Par arrêt du 9 janvier 2020, la cour d’appel a déclaré le pourvoi immédiat recevable et a ordonné la réouverture des débats en invitant les parties à justifier de la vente amiable du bien et de conclure sur les conséquences de cette vente quant à la procédure.
Par conclusions réceptionnées le 27 février 2020, M et Mme Y justifient de la distribution des fonds correspondant à la vente de l’immeuble.
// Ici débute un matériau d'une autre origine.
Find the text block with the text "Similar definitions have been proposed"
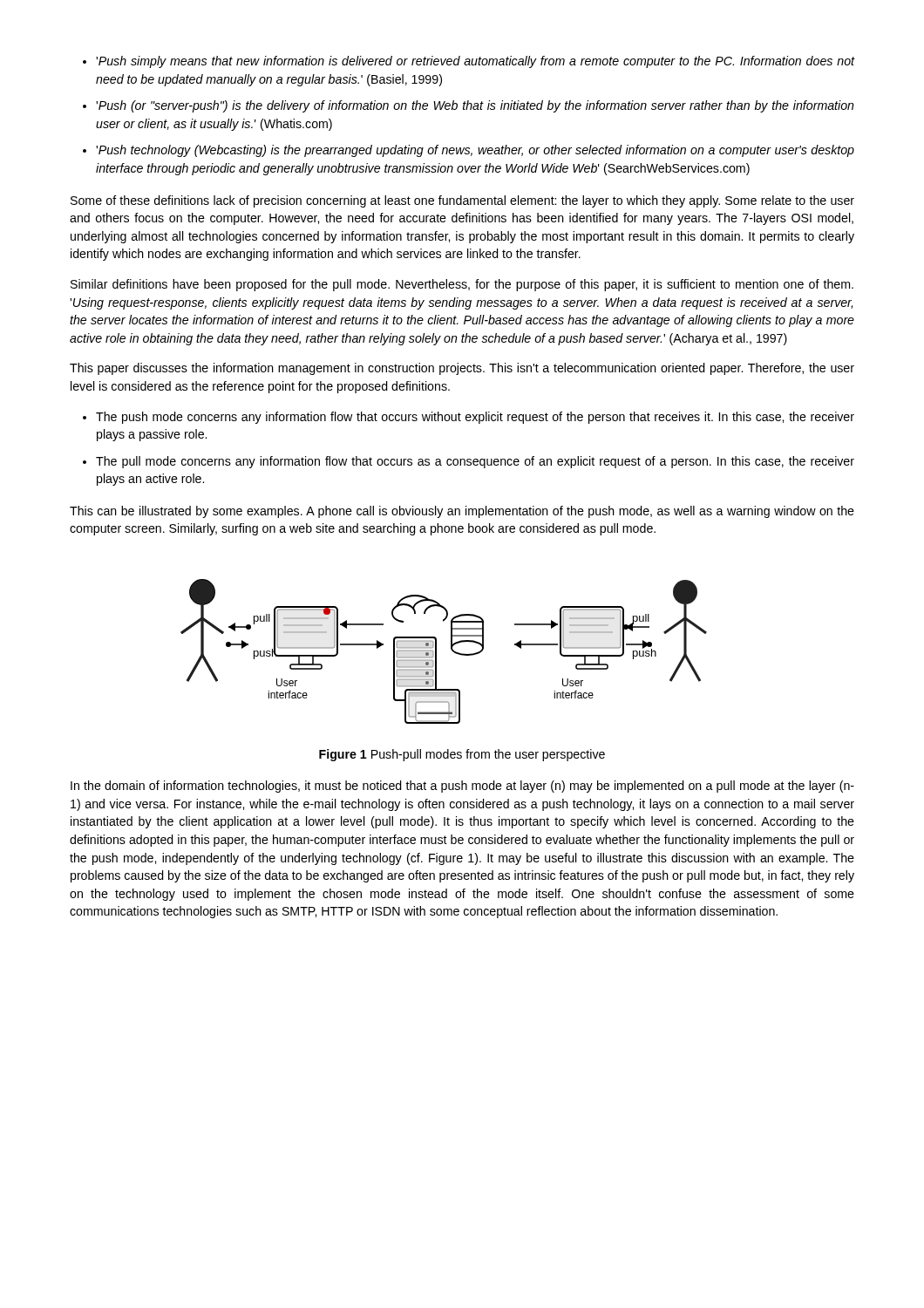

Il en résulte que l’ensemble des montants dus à la CCM KEMBS NIFFER ont été payés.
Par conclusions du 28 février 2020, la CCM KEMBS NIFFER conclut à la confirmation de l’ordonnance, au constat que la procédure de vente forcée est devenue sans objet, du fait de la vente intervenue le 9 décembre 2019, et au paiement d’une somme de 1 000 euros au titre de l’article 700 du code de procédure civile.
Vu l’avis de Madame l’avocat général en date du 13 août 2019, communiqué aux parties, qui s’en remet à l’appréciation de la cour.
MOTIFS
Concernant le pourvoi, M et Mme Y ont indiqué dans leurs conclusions du 11 septembre 2019 que l’adhésion de M. A à la procédure n’était pas formellement contestée et que c’est la procédure d’adjudication en tant que telle qui était contestée par M. Y qui tentait d’apurer son passif auprès du créancier poursuivant et auprès de M. A.
A défaut d’autres motifs et alors que la créance du créancier poursuivant a été réglée, l’ordonnance d’adhésion doit être confirmée.
Il est justifié de la vente amiable du bien intervenue le 9 décembre 2019 et du règlement de la créance de la banque par le produit de la vente.
Néanmoins, il n’est indiqué aucun élément quant au paiement de la créance de M. A. Dès lors que le bien objet de la saisie immobilière a fait l’objet d’une vente amiable, cette procédure devient sans objet.
M et Mme Y qui ont formé pourvoi avant la vente amiable supporteront la charge des dépens.
L’équité commande de ne pas faire application des dispositions de l’article 700 du code de procédure civile à l’égard de la CCM KEMBS NIFFER.
L’équité commande d’allouer à M. D A la somme de 1 000 euros en application des dispositions de l’article 700 du code de procédure civile.
PAR CES MOTIFS :
La Cour,
Déclare le pourvoi immédiat de M. B Y et Mme C Y mal fondé ;
Confirme l’ordonnance du 16 avril 2019 du tribunal de l’exécution forcée immobilière;
Constate que la procédure d’exécution forcée immobilière est devenue sans objet, du fait de la vente amiable du bien objet de la procédure ;
Condamne M. B Y et Mme C Y aux dépens ;
Condamne M. B Y et Mme C Y à payer à M. D A la somme de 1 000 euros au titre de l’article 700 du code de procédure civile
Déboute la CCM KEMBS NIFFER de sa demande formée en application des dispositions de l’article 700 du code de procédure civile ;
Ordonne la notification du présent arrêt aux parties et Dit qu’une copie en sera adressée à Maître E F G , notaire à la résidence de Mulhouse.